Sun Microsystems Inc and National Central University (NCU) moved to realize
that dream by establishing Taiwan's first Grid computing laboratory.
Grid, or distributed, computing emerged about five years ago and links
hundreds or even thousands of computers to enable the sharing, selection and
aggregation of a wide variety of geographically distributed computational
resources. The technology aims to provide vast computing power or data storage
to companies who pay only for what they use.
"So far, Grid computing is mostly applied to the research domain -- such as
civil engineering, the environment and such things -- but I'm sure it will be
used in commercial computing in the next few years," Dinesh Bahal, director of
Sun's global education and research in the Asia-Pacific region, said at a
signing ceremony. "In short, it will change our way of working and doing
business."
For the first three years of the cooperation, Sun and NCU will pump in
NT$100
million in the Grid Computing Center.
The center will initially be used in NCU research projects for space remote
sensing, optics, environment, communication systems and nanotechnology, said
Chiang Wei-ling, a civil engineering professor at NCU who will supervise the
center.
NTC also plans to invite institutions including National Tsing Hua
University
and National Chiao Tung University to participate in research, Chiang
said.
"I think the cooperation will make us one of the world's top 500
universities
in the high-performance computing field," he said.

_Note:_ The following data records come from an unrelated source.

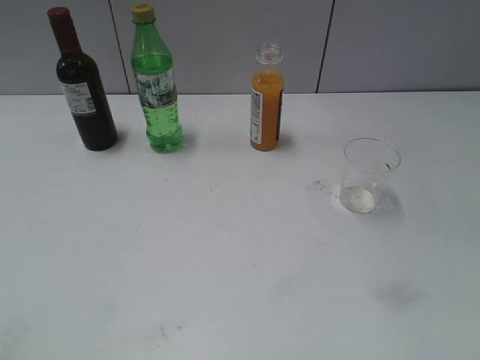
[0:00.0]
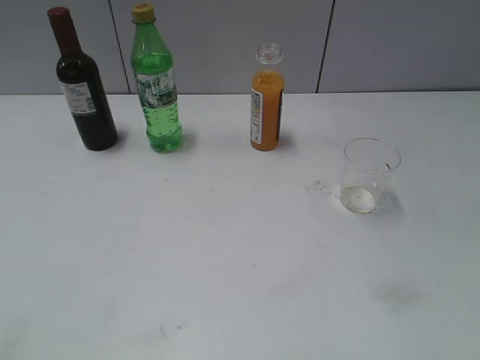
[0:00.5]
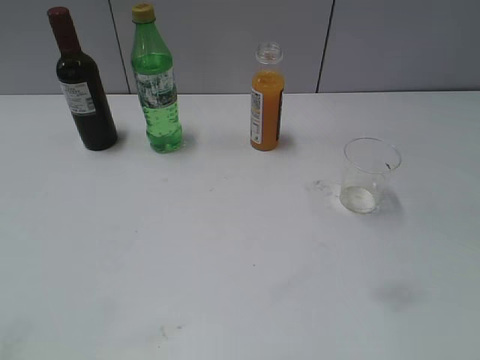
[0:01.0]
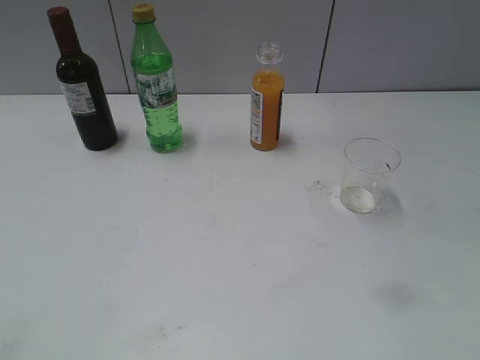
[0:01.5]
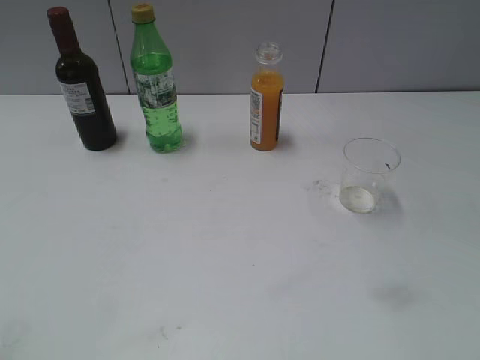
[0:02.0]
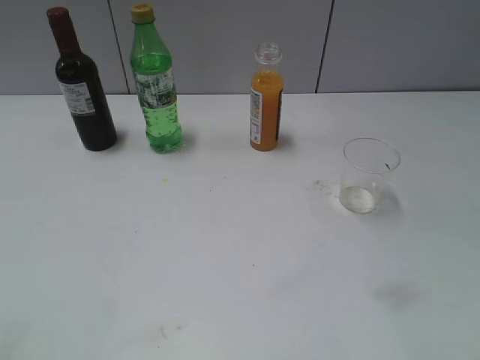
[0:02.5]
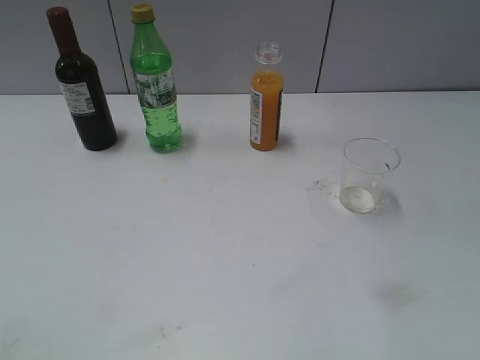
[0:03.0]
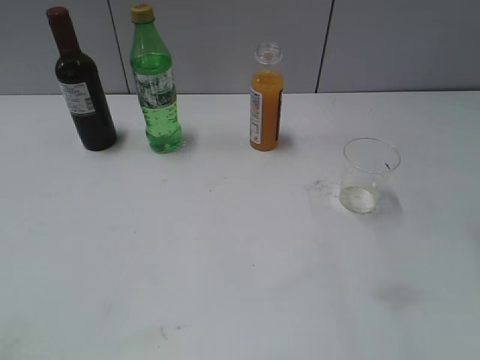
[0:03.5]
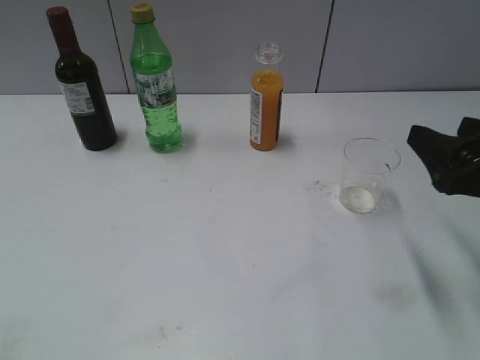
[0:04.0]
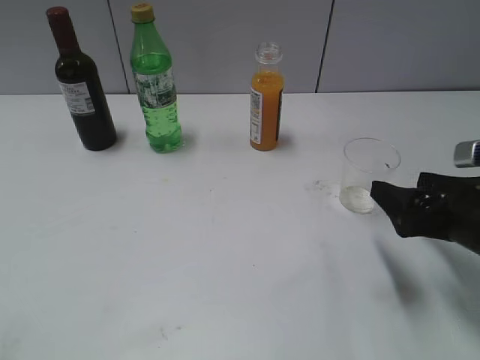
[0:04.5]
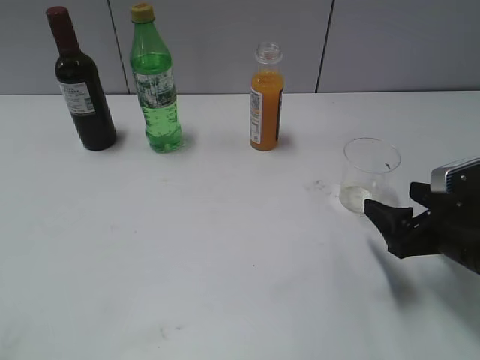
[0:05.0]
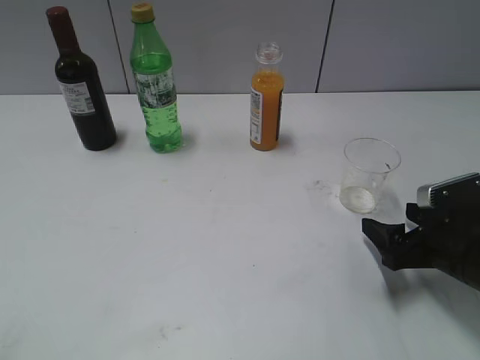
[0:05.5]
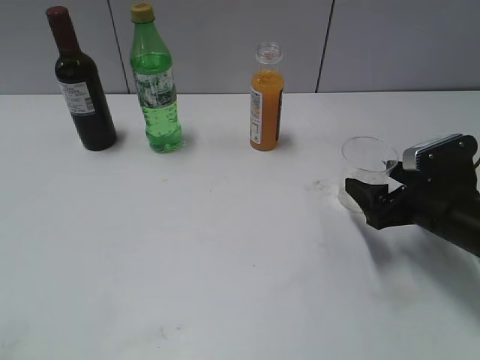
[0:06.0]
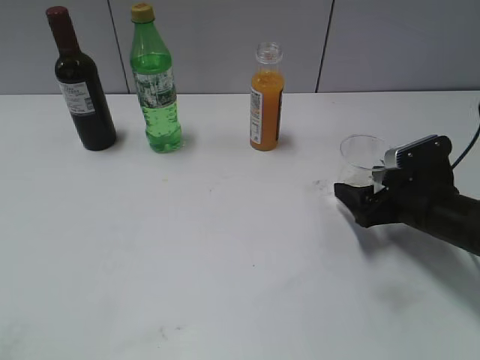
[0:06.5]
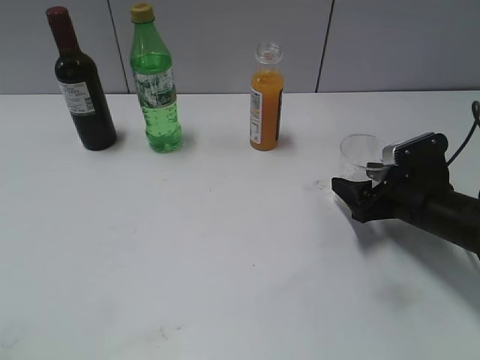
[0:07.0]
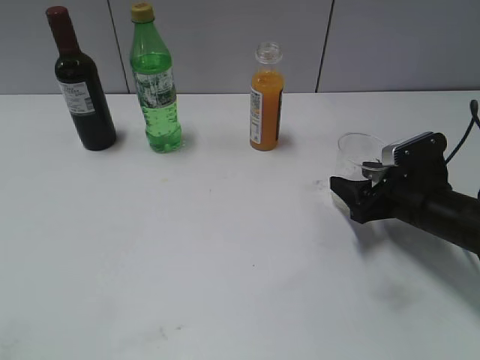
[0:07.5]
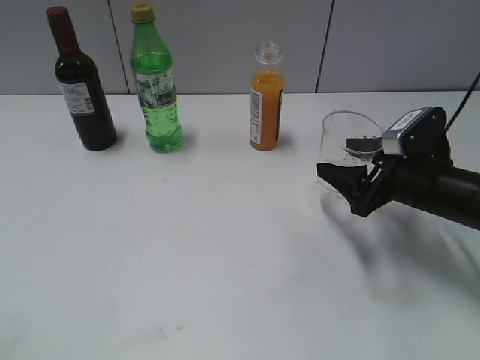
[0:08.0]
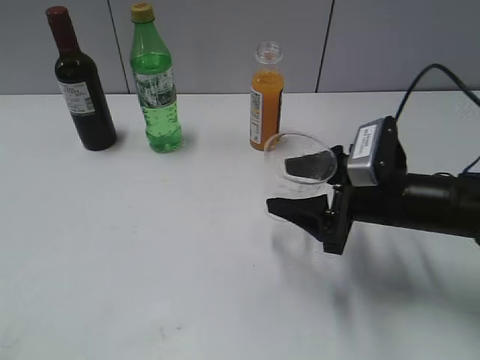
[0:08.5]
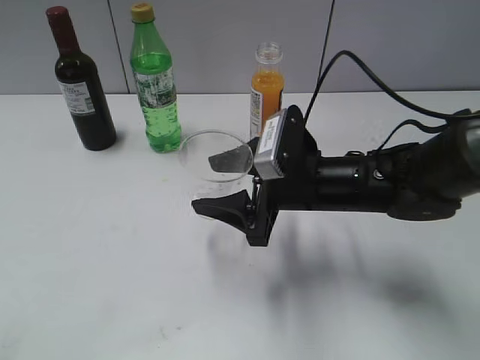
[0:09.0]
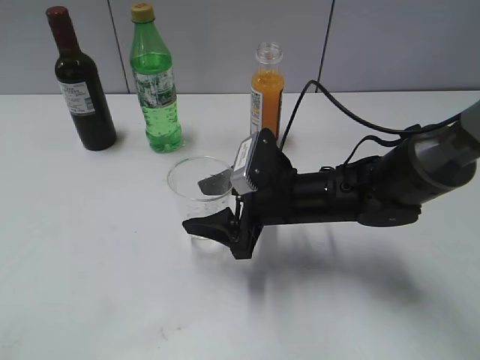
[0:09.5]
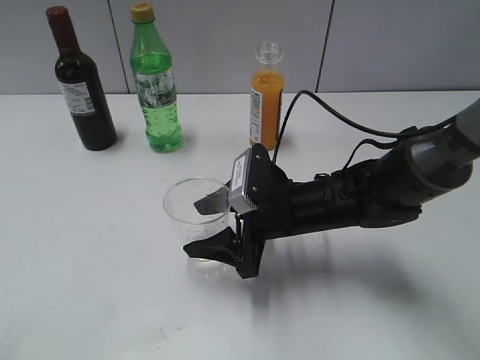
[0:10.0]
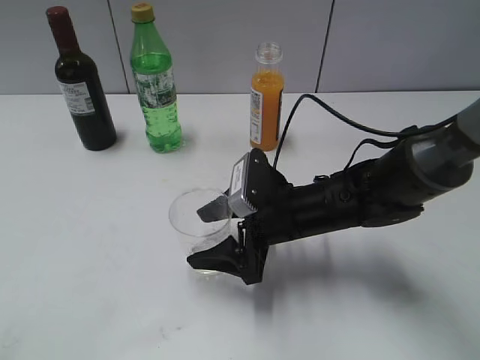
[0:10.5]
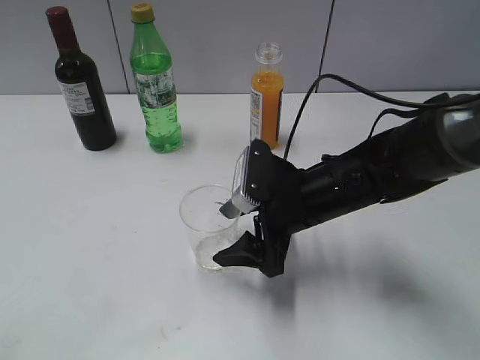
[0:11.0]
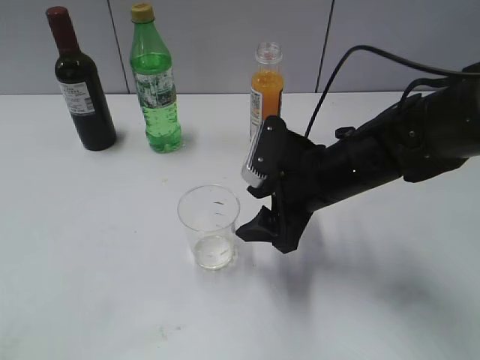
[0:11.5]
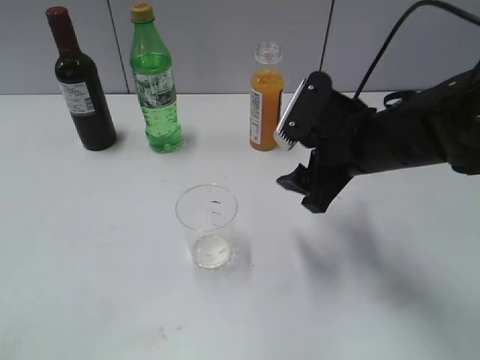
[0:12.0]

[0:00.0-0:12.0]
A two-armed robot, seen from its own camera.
Step, 0:04.0 to 0:07.0: Grasp the transparent cup with right gripper.
Step, 0:08.0 to 0:11.0: Place the transparent cup on the table with right gripper.
0:02.0 to 0:04.0: The right gripper goes roughly 25 cm forward and downward.
0:04.0 to 0:06.0: The right gripper travels downward and forward by about 15 cm, and opens up.
0:06.0 to 0:08.0: The right gripper closes up.
0:08.0 to 0:10.0: The right gripper goes roughly 15 cm to the left.
0:10.0 to 0:12.0: The right gripper travels upward and to the right by some 10 cm, and opens up.

Sun already has joined several other institutes -- including the University
of
California-San Diego, the University of Ulm in Germany and the High
Performance Computing Virtual Laboratory in Canada -- to develop Grid
computing technology.
"Grid computing is the most influential information technology in this
century," said Alan Chang, general manager of Sun Microsystems Taiwan.

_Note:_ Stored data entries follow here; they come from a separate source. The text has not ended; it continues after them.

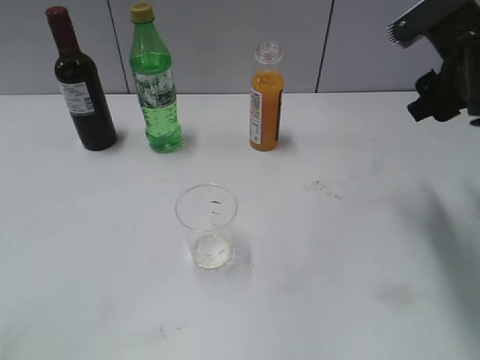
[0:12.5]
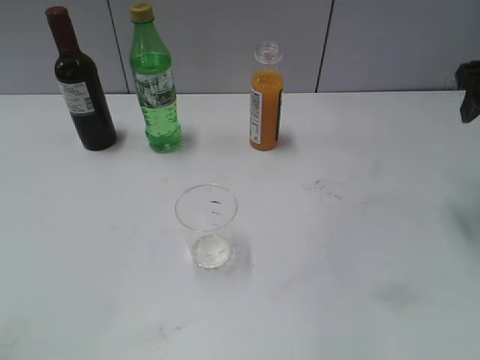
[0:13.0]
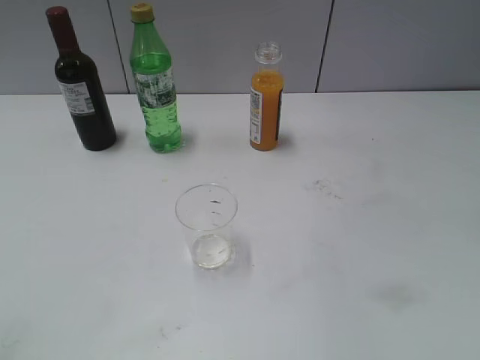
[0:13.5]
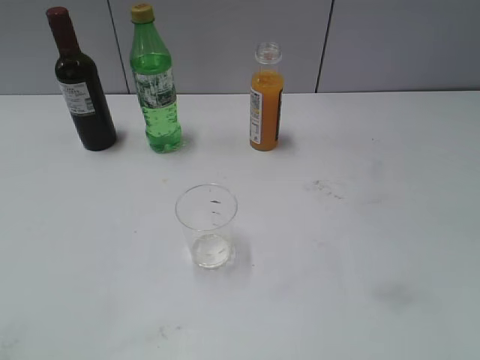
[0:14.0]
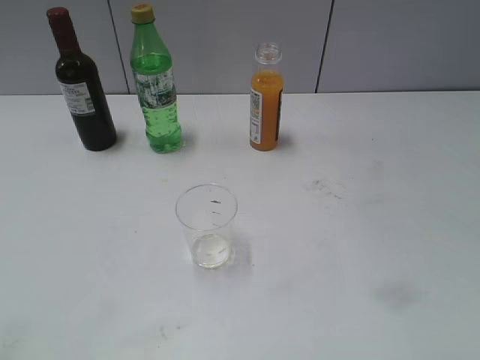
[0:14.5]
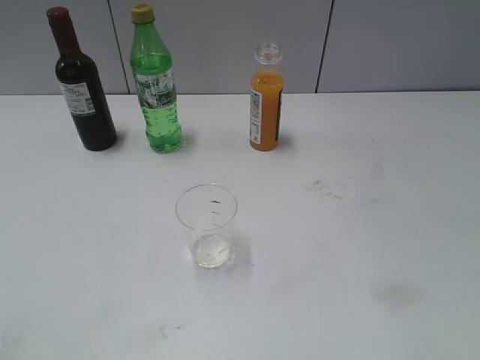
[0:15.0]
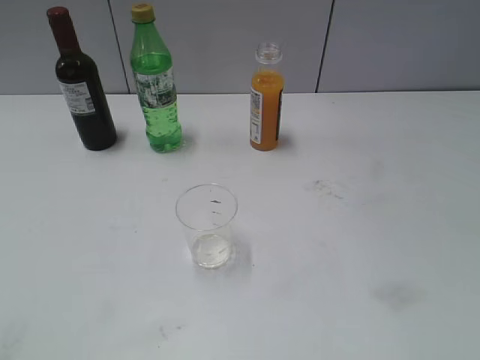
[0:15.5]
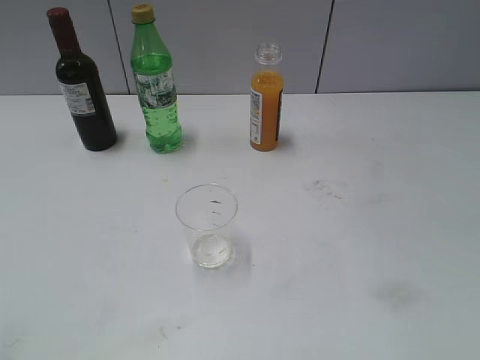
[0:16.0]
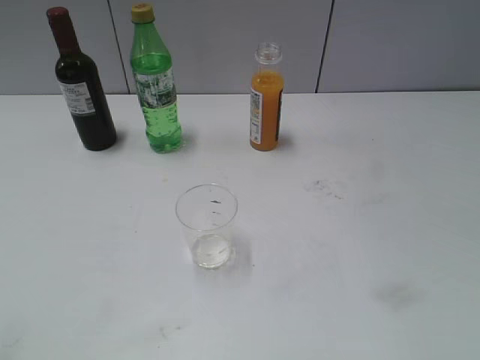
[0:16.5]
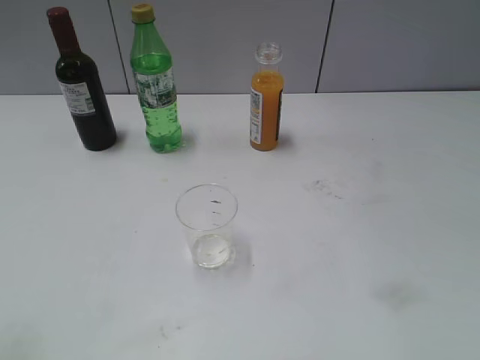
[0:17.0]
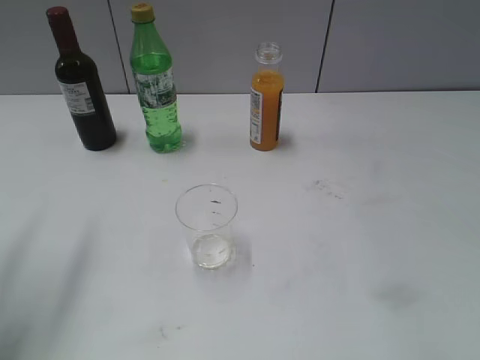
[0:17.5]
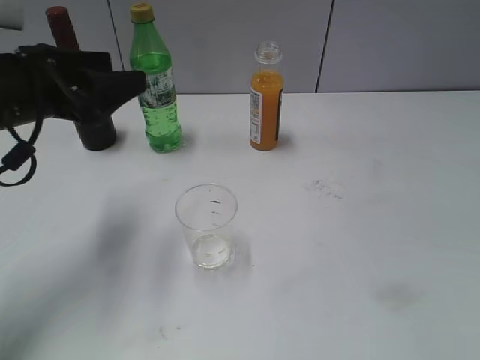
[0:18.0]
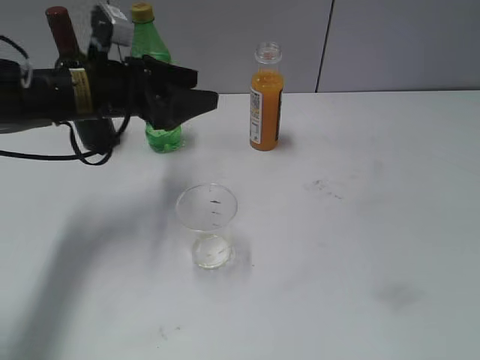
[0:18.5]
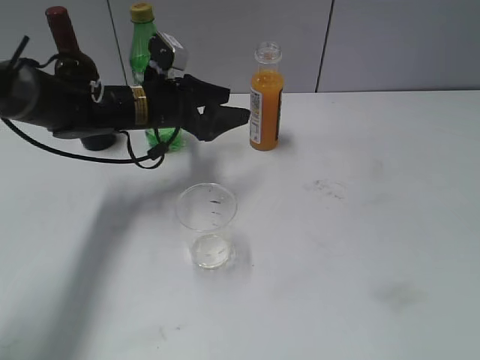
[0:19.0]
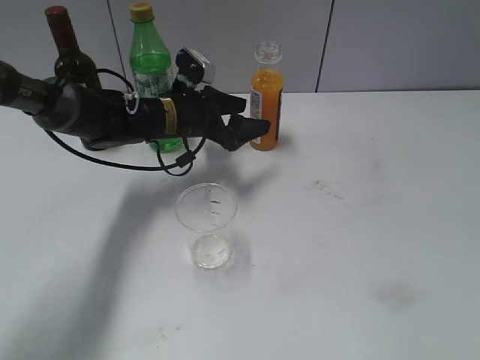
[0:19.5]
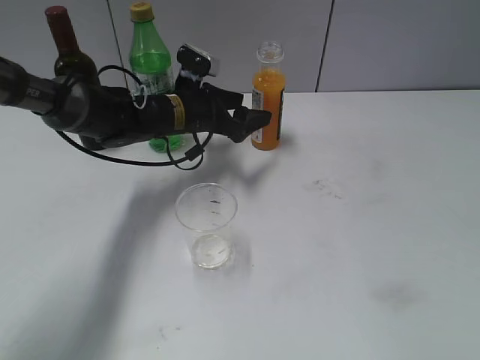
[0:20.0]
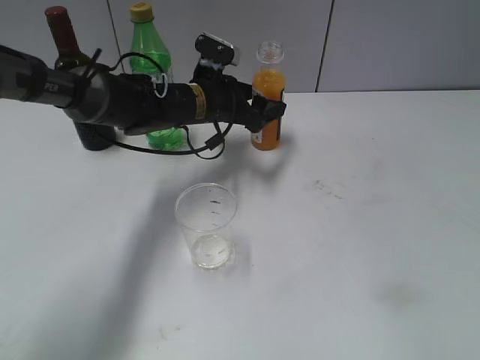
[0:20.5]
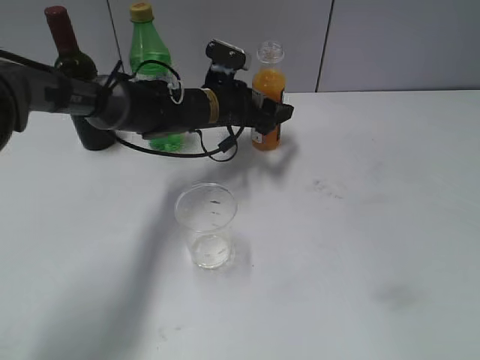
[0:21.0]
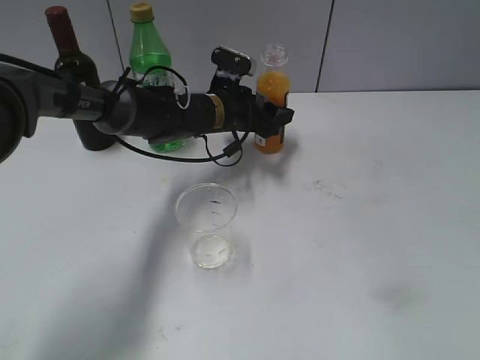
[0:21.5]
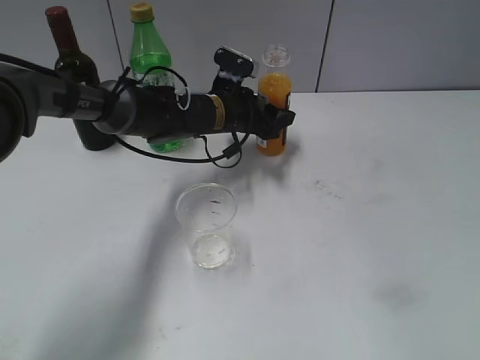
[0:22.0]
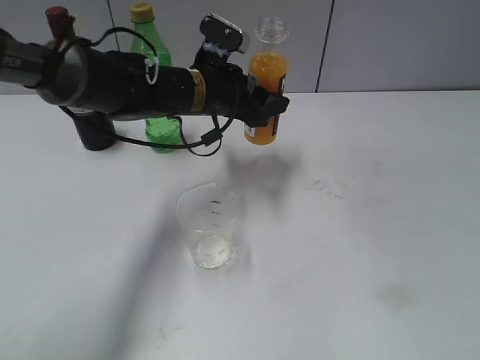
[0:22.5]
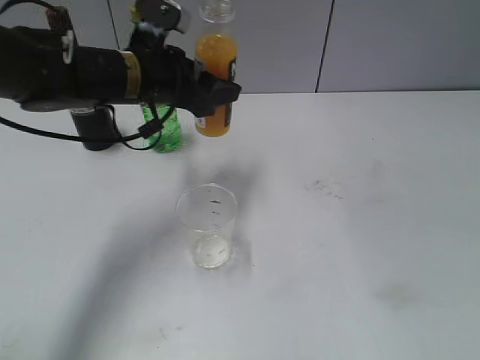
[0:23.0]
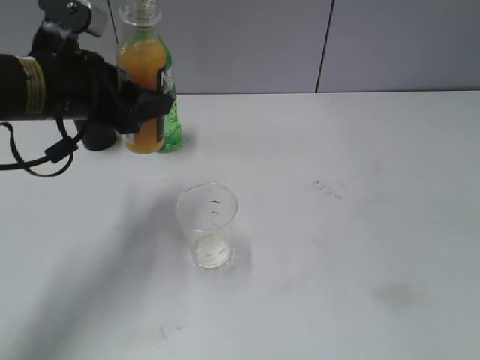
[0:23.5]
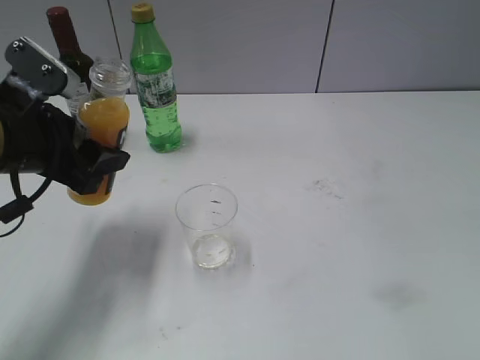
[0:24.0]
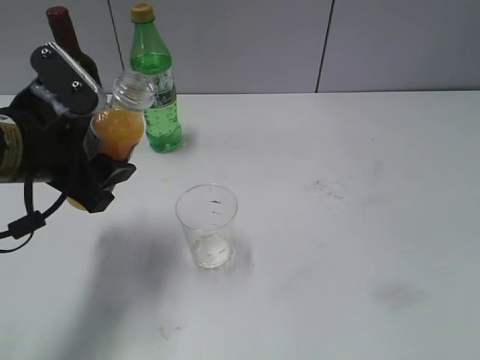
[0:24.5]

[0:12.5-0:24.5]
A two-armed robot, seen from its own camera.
Step, 0:12.5 to 0:21.5: Grasp the bottle with orange juice with left gripper.
0:12.5 to 0:14.5: The right gripper goes approximately 25 cm backward.
0:16.5 to 0:18.5: The left gripper heads forward and to the right, covering approximately 40 cm.
0:18.5 to 0:20.5: The left gripper shifts approximately 15 cm to the right, forward and downward, and opens its fingers.
0:20.5 to 0:22.5: The left gripper ends up about 5 cm from where it was, and closes up.
0:22.5 to 0:24.5: The left gripper moves backward and to the left, approximately 20 cm.

"Currently, the utility rate of workstations, storage facilities and servers
on the Internet is 5 percent to 20 percent on average, and with Grid
computing, it will drive up the rate to 98 percent, which will help to resolve
a lot of complicated computing in a short time."
A pioneer in the field is SETI@home, a never-ending search for signs of
life
from space that began in the 1990s. The program uses idle computers to process
data picked up by radiotelescopes.
Another example is the IBM/Oxford eDiamond project in Britain, which is a
part
of the government's "e-science initiative," helping doctors detect and treat
breast cancer with five hospitals or screening centers sharing a Grid.
In 2002 in Taiwan, IBM Corp, Academia Sinica and National Yang-Ming
University
built a biotechnology research center powered by Grid computing provided by
IBM. The Grid connected seven biological institutions with a goal to expand
the Grid to more than 100 within three years.
IBM signed a similar research pact with National Cheng Kung University last
year.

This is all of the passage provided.